Team Kicau Mania:

Sulistyo

•

Rafli Surya Saputra 77039

•

Hendra Kusumah

•

Muhammad Fauzan UR

•

Anggiat Sitinjak

Published June 5, 2025

Snake Game with XIAO ESP32-S3 and LED Matrix MAX7219 4-in-1

This project brings the classic Snake game to life using the XIAO ESP32-S3 and a MAX7219 4-in-1 8x8 LED Matrix (32x8 pixels).

BeginnerProtip1 hour255

Snake Game with XIAO ESP32-S3 and LED Matrix MAX7219 4-in-1

Things used in this project

Hardware components

Seeed Studio XIAO ESP32S3

LED Dot Matrix Display, Red

Female/Female Jumper Wires

USB Cable, USB Type C Plug

Software apps and online services

Arduino IDE

Story

This project brings the classic Snake game to life using the XIAO ESP32-S3 and a MAX7219 4-in-1 8x8 LED Matrix (32x8 pixels). The game is fully playable via keyboard input from the Serial Monitor, offering an interactive and fun way to learn about microcontroller programming, matrix displays, and game logic.

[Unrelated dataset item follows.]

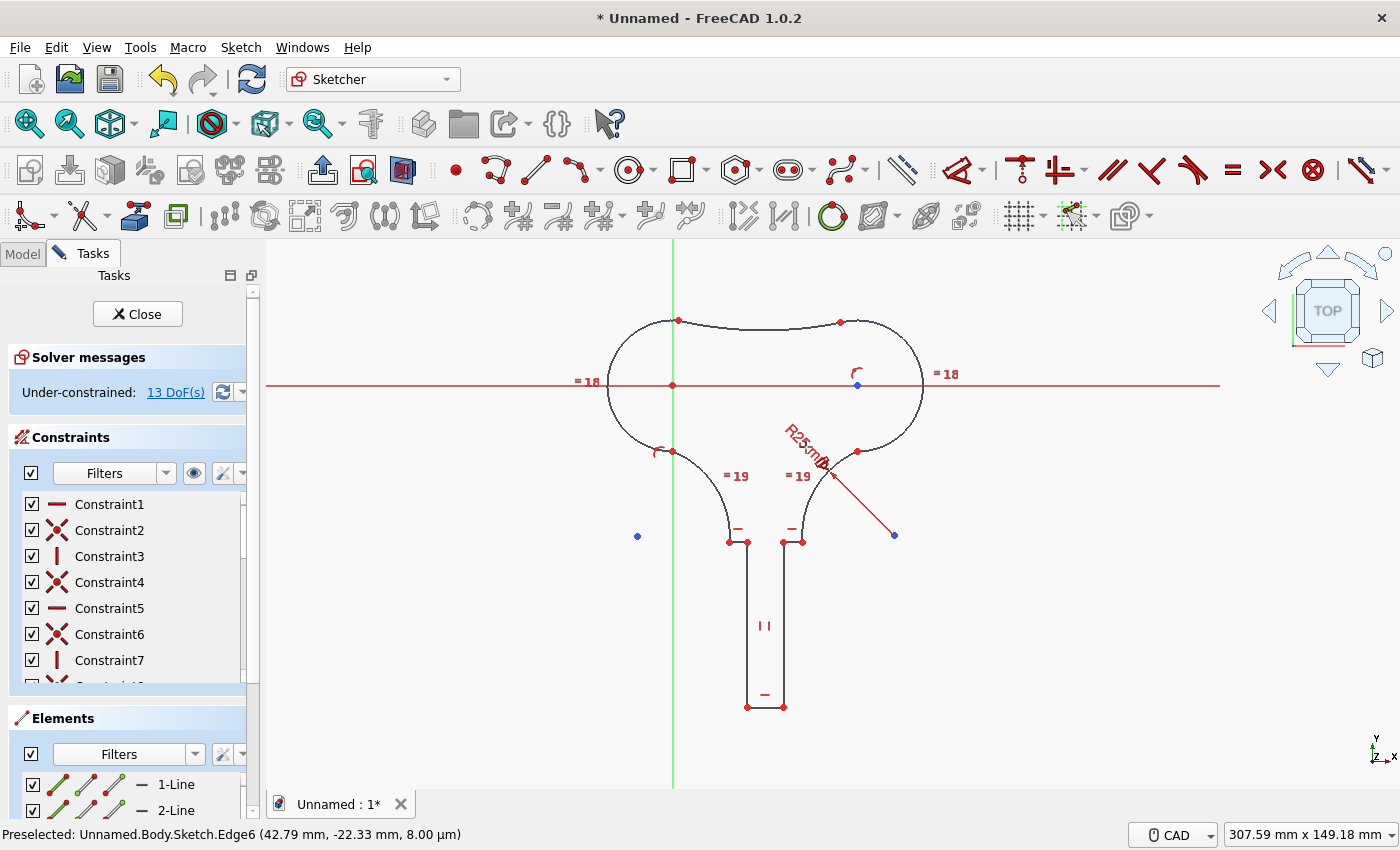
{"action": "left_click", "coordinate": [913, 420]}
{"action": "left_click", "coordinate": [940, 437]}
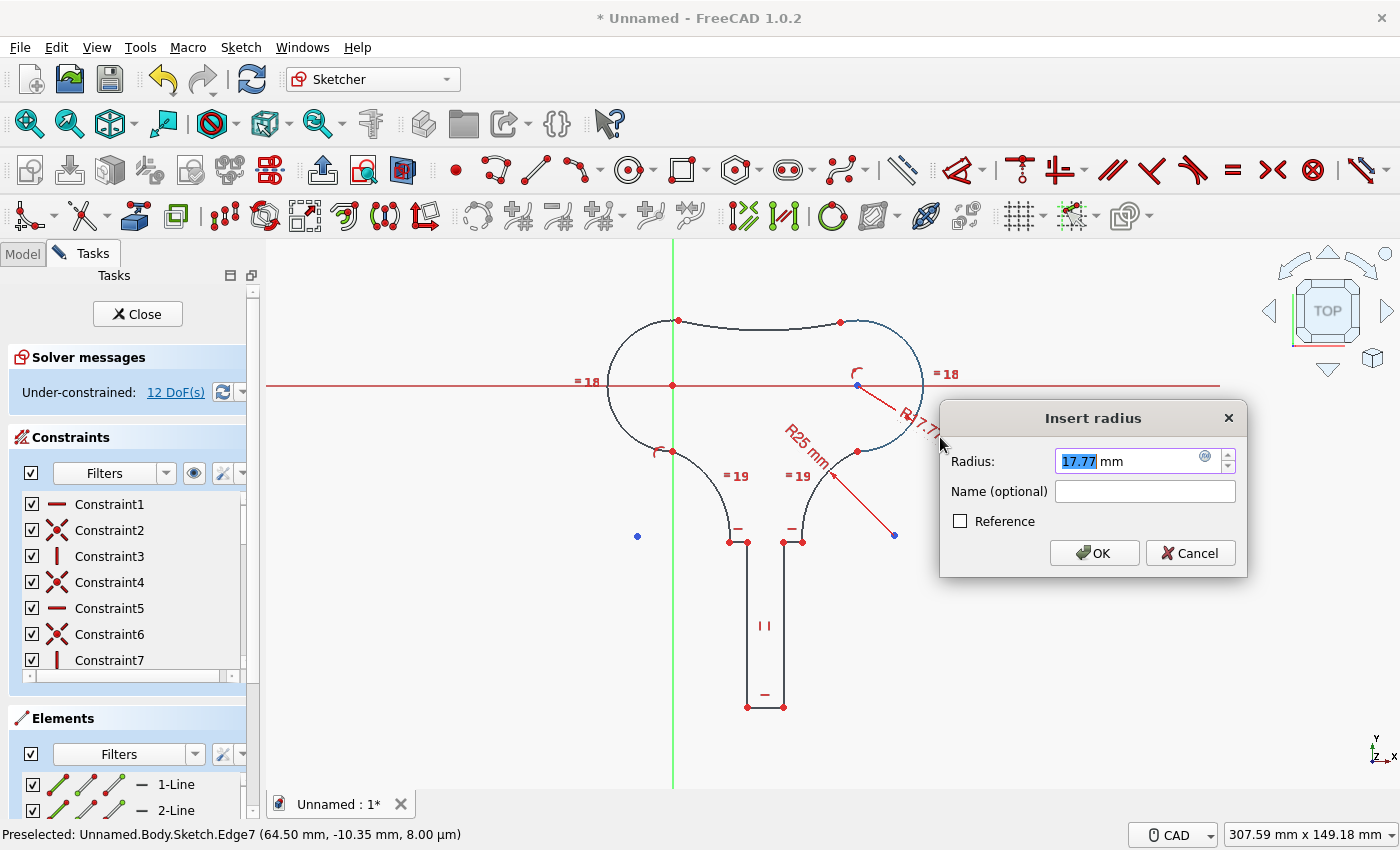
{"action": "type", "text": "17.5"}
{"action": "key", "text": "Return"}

This project is ideal for beginners who want to explore how to render graphics on LED matrices and manage real-time input and game state on an embedded platform.

Hardware

XIAO ESP32-S3
MAX7219 4-in-1 LED Matrix
Jumper Wires Several
Breadboard (optional)

Note: Make sure your MAX7219 module is compatible with 3.3V logic levels, or use a logic level shifter if needed.

Software

Arduino IDE

Required Libraries:

MD_MAX72XX
SPI (built-in in Arduino)

ESP32 Board Manager URL:

https://raw.githubusercontent.com/espressif/arduino-esp32/gh-pages/package_esp32_index.json

Make sure you install the XIAO ESP32-S3 board from the Board Manager using the URL above.

Wiring Diagram

VCC → 3V3

GND → GND

DIN → D6

CS → D5

CLK → D7

Ensure your MAX7219 modules are aligned properly. If the display doesn't work, double-check your wiring and power connections.

Step-by-Step Guide

1. Install Libraries

Open Arduino IDE, go to Library Manager, and install:

MD_MAX72XX

Ensure SPI is available (it's included by default)

2. Upload the Code

Use the provided Snake game code (you can paste or import it). Upload it to your XIAO ESP32-S3 board.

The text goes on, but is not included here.